## DATASET RECORDS
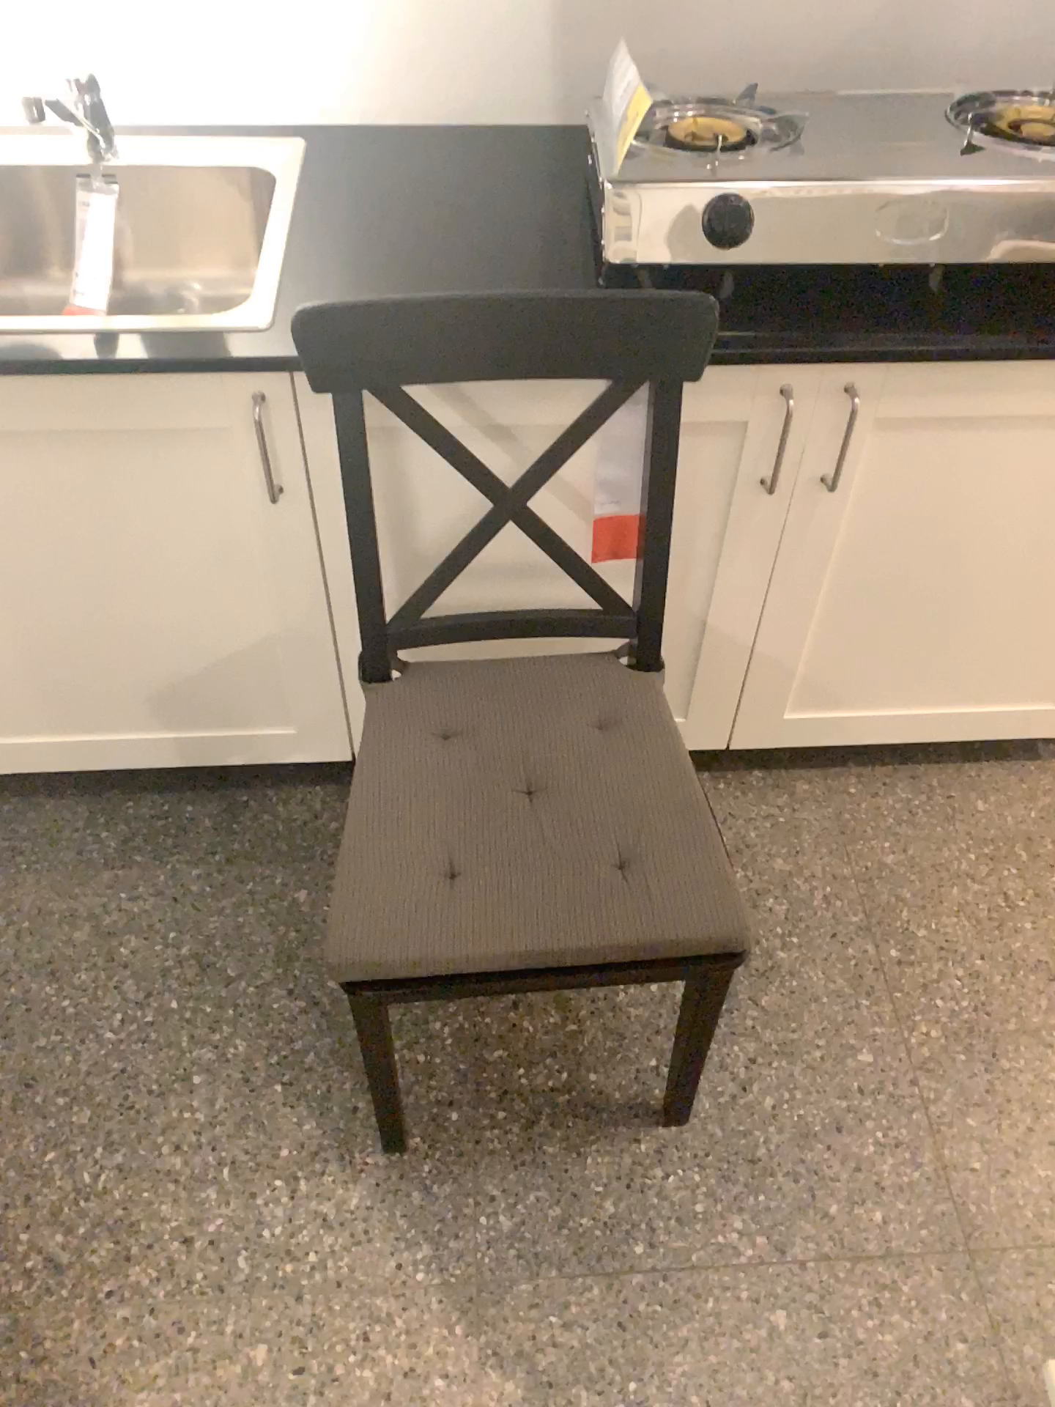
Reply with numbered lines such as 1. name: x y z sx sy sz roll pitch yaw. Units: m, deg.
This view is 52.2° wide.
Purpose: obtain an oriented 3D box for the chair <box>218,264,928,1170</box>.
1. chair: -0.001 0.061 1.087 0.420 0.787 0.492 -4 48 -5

--

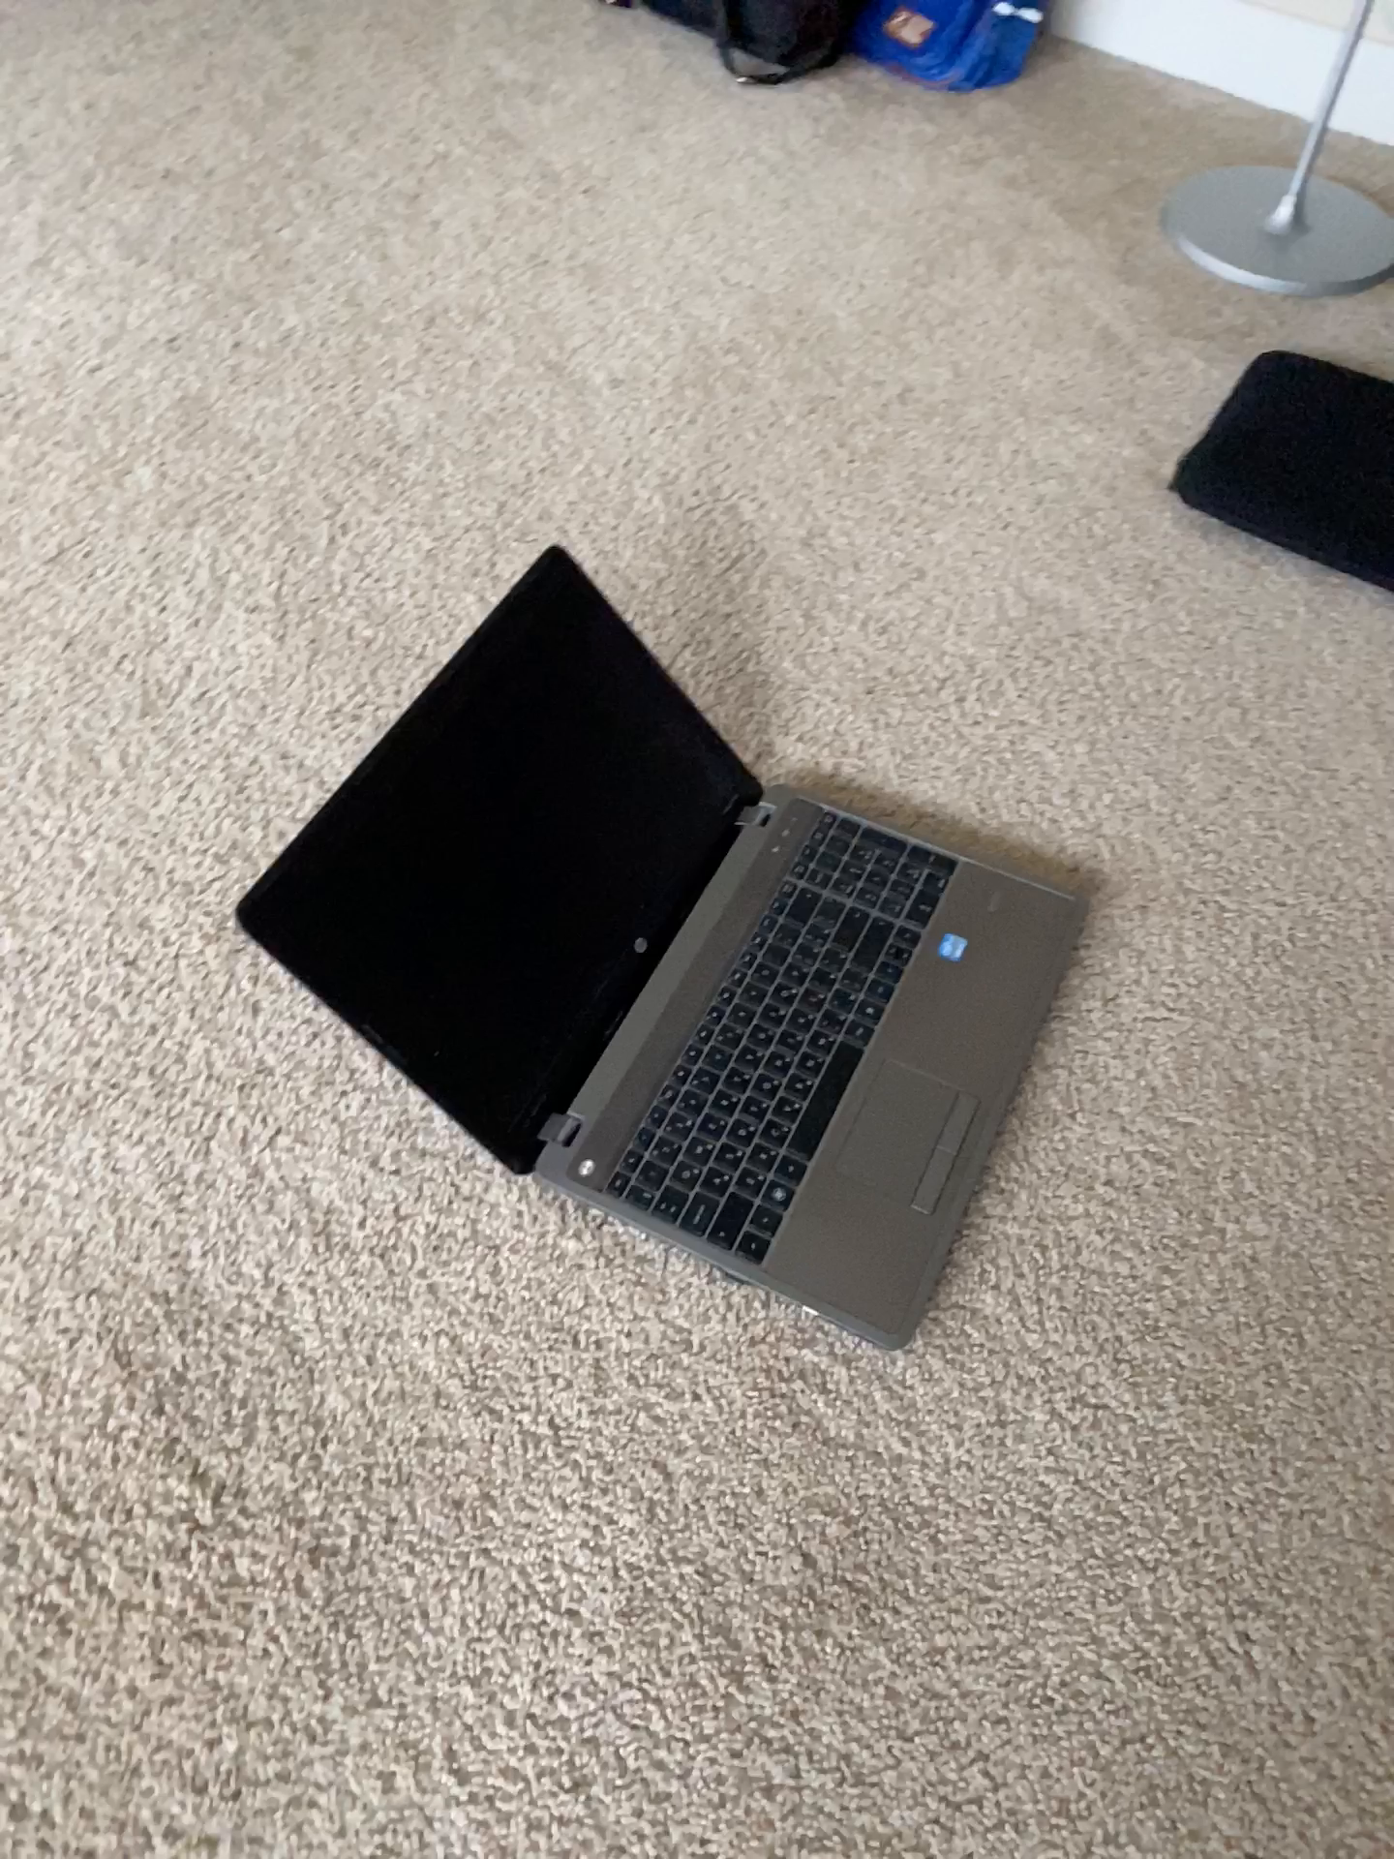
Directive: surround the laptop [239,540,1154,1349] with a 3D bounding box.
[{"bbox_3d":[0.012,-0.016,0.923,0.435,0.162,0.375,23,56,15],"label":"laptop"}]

---

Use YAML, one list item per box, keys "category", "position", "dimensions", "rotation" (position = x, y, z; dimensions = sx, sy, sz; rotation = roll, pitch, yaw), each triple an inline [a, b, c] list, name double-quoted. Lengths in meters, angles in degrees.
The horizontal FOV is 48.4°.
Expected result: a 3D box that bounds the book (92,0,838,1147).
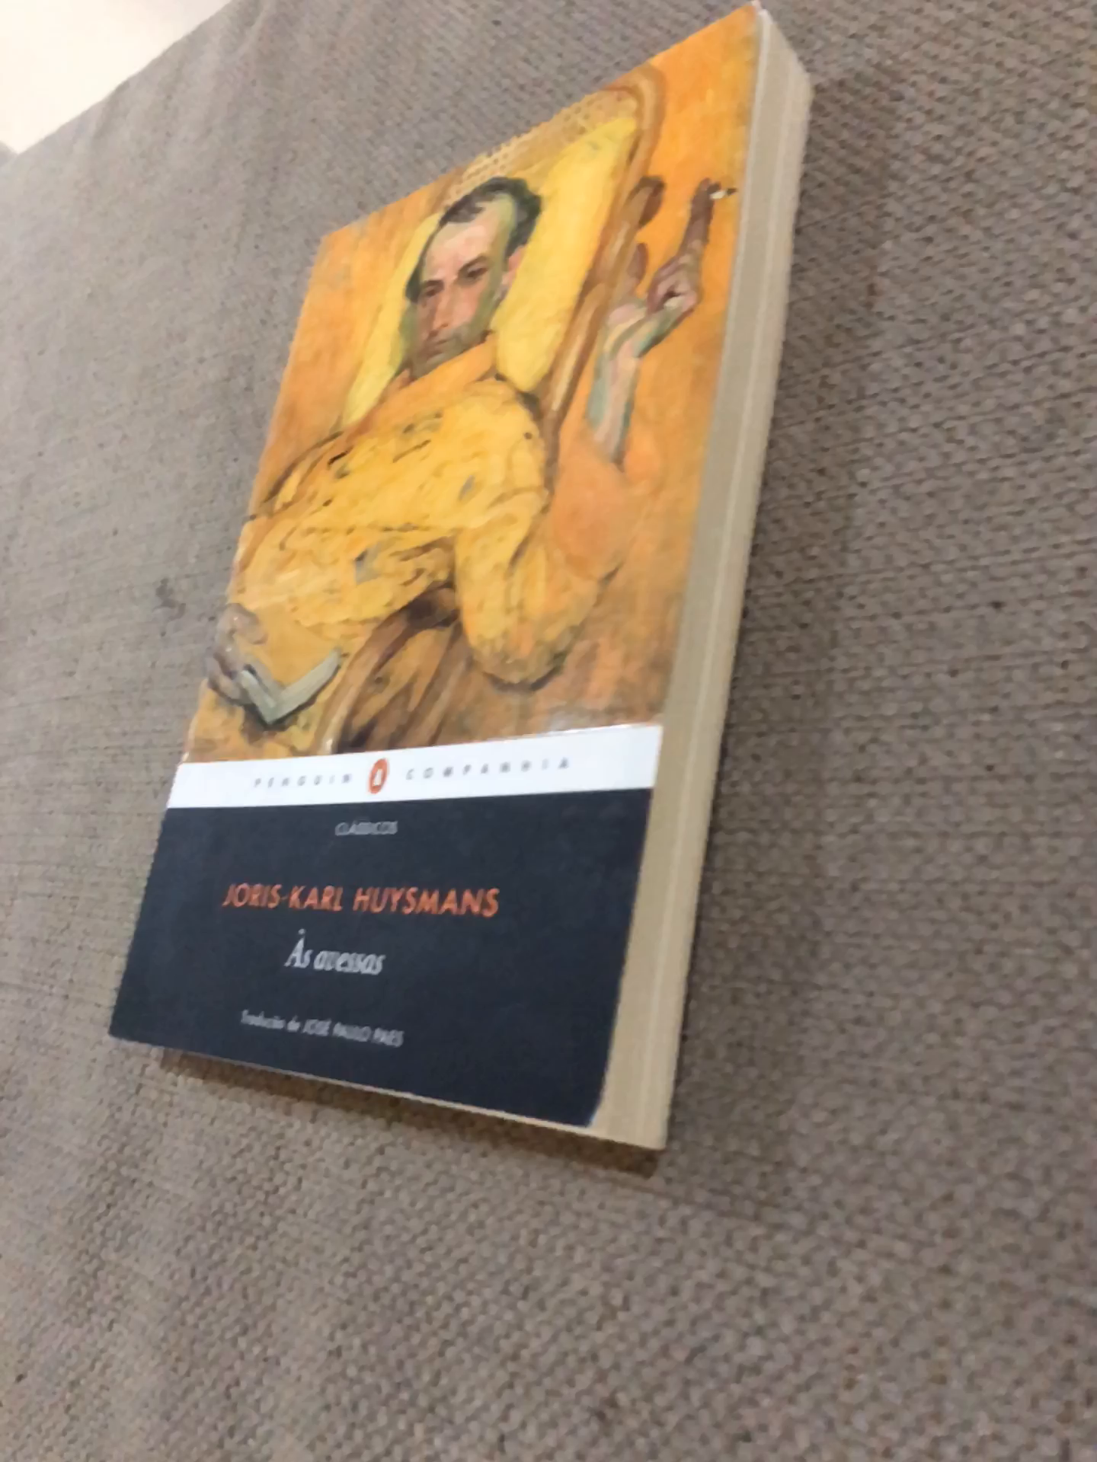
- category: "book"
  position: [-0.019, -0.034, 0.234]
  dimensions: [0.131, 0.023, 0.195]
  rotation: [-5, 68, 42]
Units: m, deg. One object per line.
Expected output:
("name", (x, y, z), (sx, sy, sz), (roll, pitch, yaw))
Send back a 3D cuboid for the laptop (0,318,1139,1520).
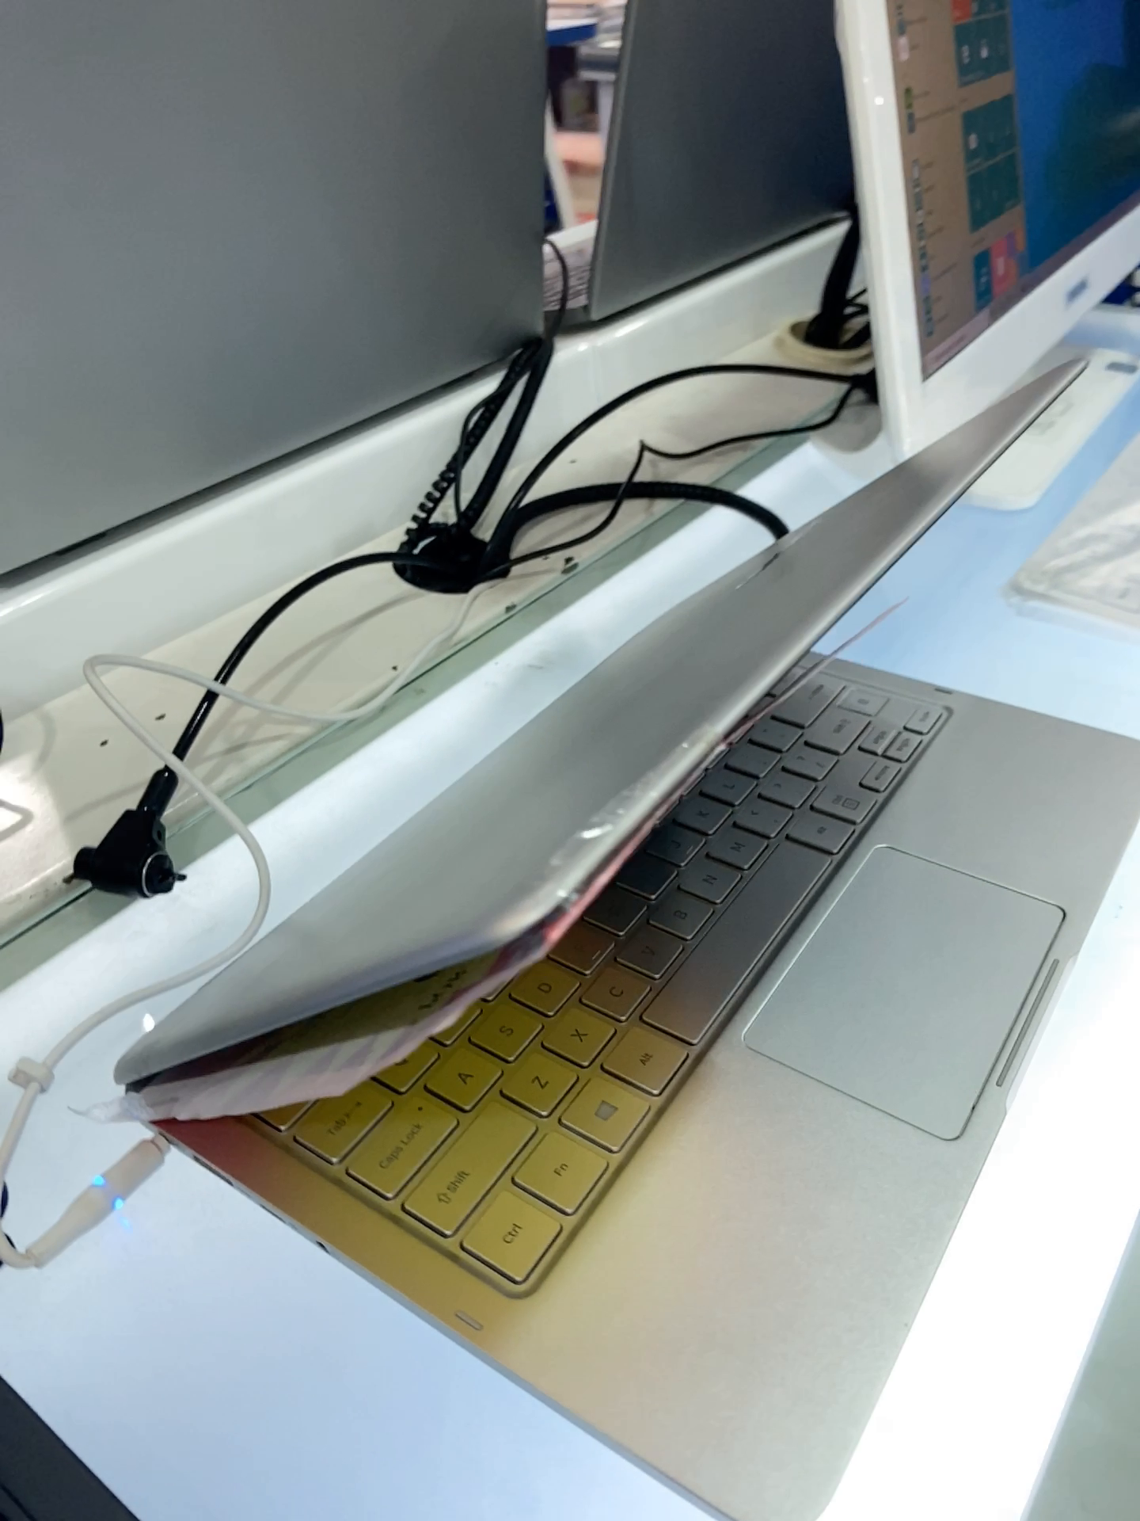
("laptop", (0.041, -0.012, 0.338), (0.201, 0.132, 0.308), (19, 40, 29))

## EXERCISE OBJECTIVE
What belongs in the answer is each line of the listing that contains the word "roll".

## ANSWER TO THE EXERCISE
Reply with numbered lines such as 1. name: x y z sx sy sz roll pitch yaw. Units: m, deg.
Use YAML, one list item per box, keys "category", "position", "dimensions", "rotation" (position = x, y, z; dimensions = sx, sy, sz; rotation = roll, pitch, yaw), each triple an inline [a, b, c] list, name double-quoted. Lengths in meters, angles in degrees.
("name", (x, y, z), (sx, sy, sz), (roll, pitch, yaw))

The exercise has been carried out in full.